Woche 36: Wiederholte demografische Daten, EPDS, BDI, ONS, STAI, PSS, CARE-Index, MPAS, PRFQ, UCLA Loneliness Scale, GSE-6, MSPSS.

Sammlung, Transport und Lagerung von Proben: Speichelproben von Müttern und Babys, die vor und nach der Sitzung bei Sitzungen gesammelt werden, werden durch passives Sabbern (Mütter) oder Salivetten (Babys) entnommen und von einem der Forscher im Team transportiert und für Cortisol verwendet. Analyse von Oxytocin, Zytokinen und anderen Stresshormonen. Die Proben werden auf Eis aufbewahrt und zum Maurice Wohl Clinical Neuroscience Institute (King's College London, Denmark Hill) gebracht, wo sie bis zur Analyse bei -80 °C gelagert werden.

Sechs Speichelproben von Müttern (und zwei Proben von ihrem Baby, sofern sie ihr Einverständnis geben) werden von Müttern zu Hause beim Aufwachen, +15, +30+ und +60 Minuten nach dem Aufwachen, um 12.00 Uhr und 20.00 Uhr, gesammelt und für die Tagesmessung verwendet Cortisol und andere Stresshormone. Sie werden zu Hause im Kühlschrank aufbewahrt und dann per Post oder Transport zum Maurice Wohl Clinical Neuroscience Institute (King's College London, Denmark Hill) gebracht, wo sie bis zur Analyse bei -20 °C gelagert werden.

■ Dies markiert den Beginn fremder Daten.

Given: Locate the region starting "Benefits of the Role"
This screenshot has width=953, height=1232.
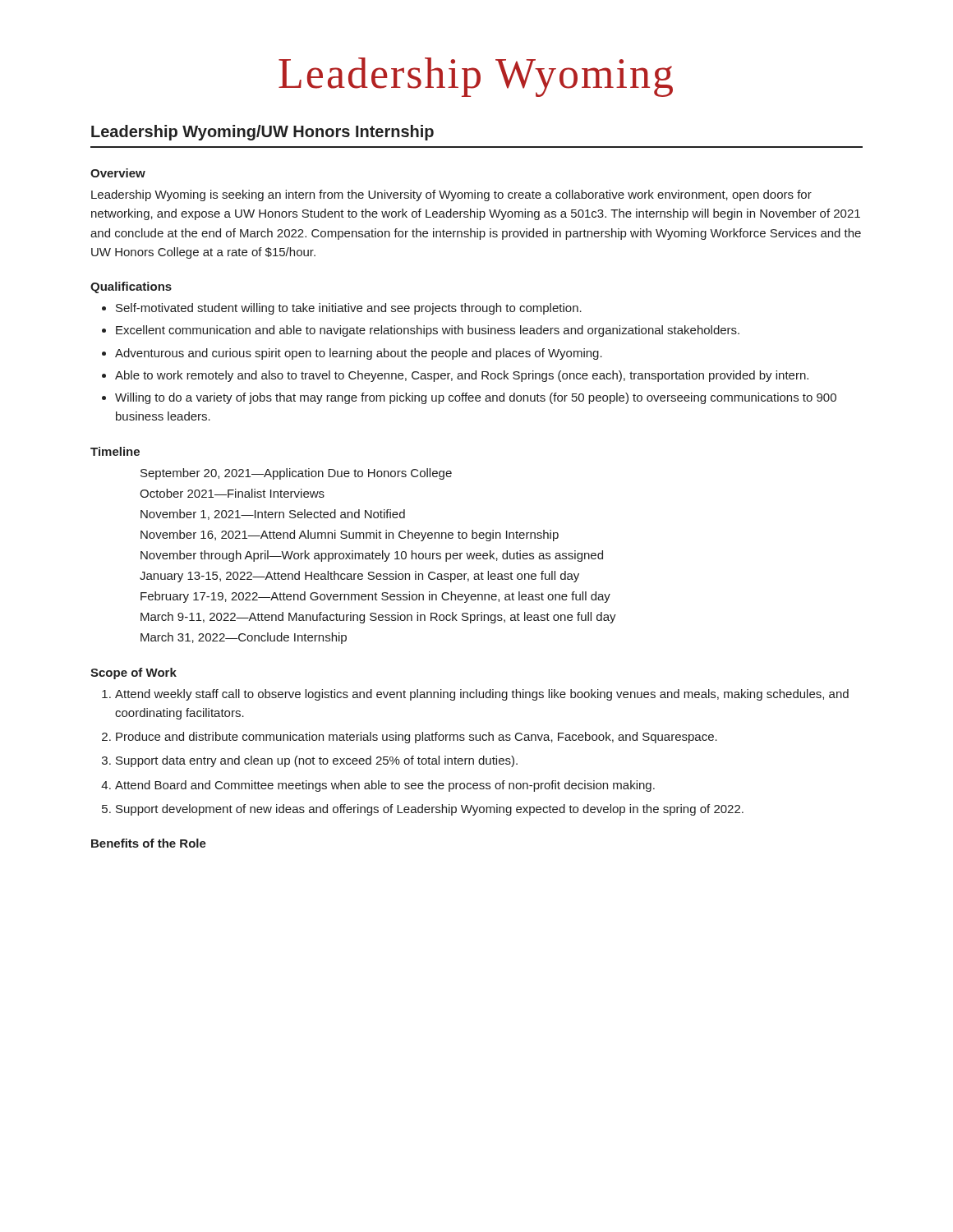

Haarproben werden zur kurzfristigen Lagerung bei Raumtemperatur aufbewahrt, zur längerfristigen Lagerung jedoch bei -20 °C aufbewahrt, bis die Analyse (Cortisol und andere Stresshormone) durchgeführt wird.

Die Proben werden verarbeitet und analysiert und das verbleibende Material wird nach Abschluss der Studie 10 Jahre lang aufbewahrt. Die Ergebnisse werden anhand anonymisierter Codes identifiziert und sicher gespeichert.

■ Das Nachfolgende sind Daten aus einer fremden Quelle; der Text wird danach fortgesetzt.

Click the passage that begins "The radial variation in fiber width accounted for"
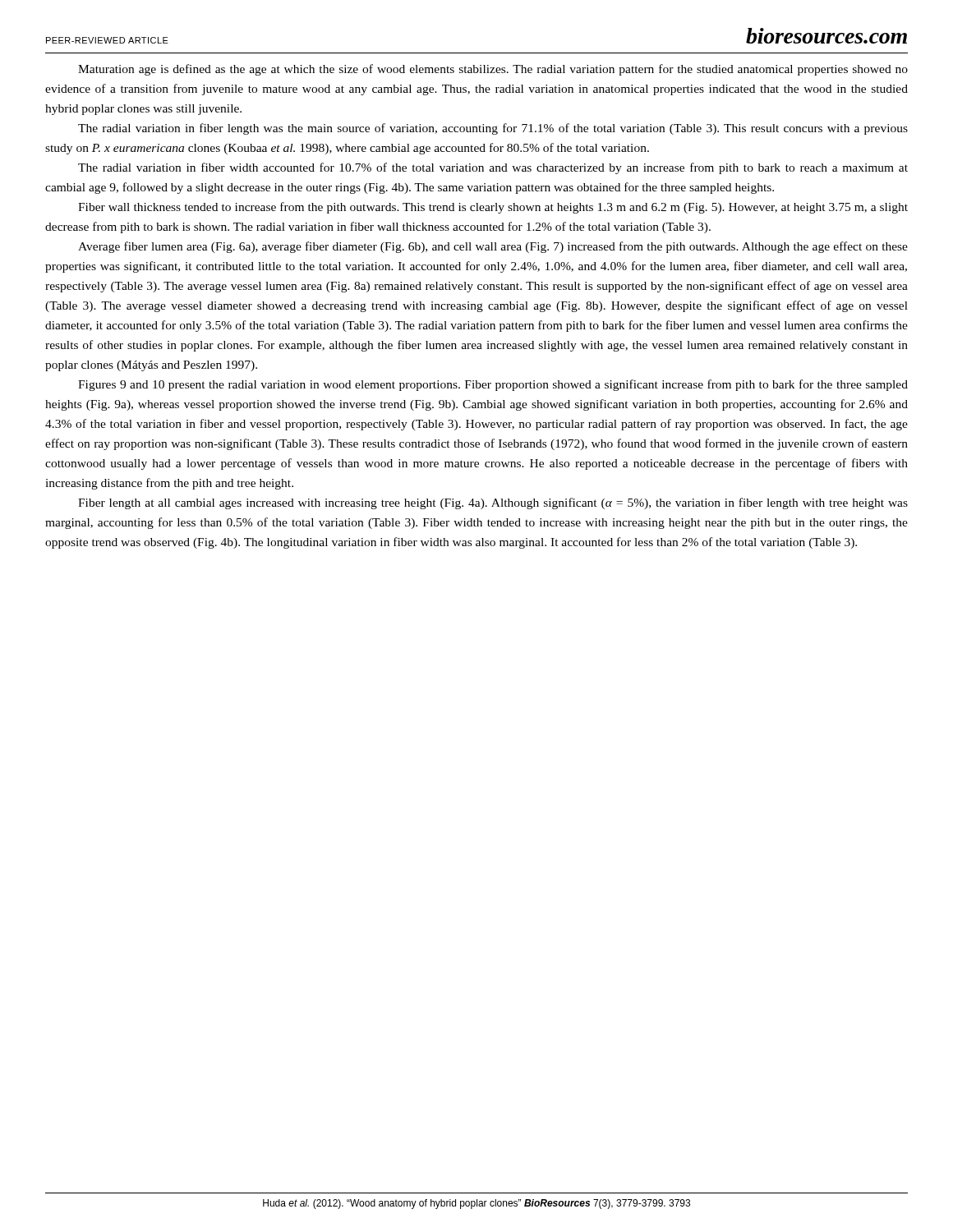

Nachuntersuchung: Die Nachuntersuchung erfolgt in den Wochen 20 und 36 unter Verwendung der oben genannten Fragebögen. Das Wohlbefinden der Teilnehmer wird anhand der Fragebögen überwacht und etwaige Probleme werden vom KCL- oder UCL-Team oder von Breathe gemeldet, das bei Bedarf weitere Berichte erstellt. Bei der Nachuntersuchung werden keine Proben entnommen.

Breitere Interessengruppen: Es wird eine Reihe von Fragebögen/Interviews durchgeführt, um ausschließlich wissenschaftliche Daten zur Umsetzung zu sammeln.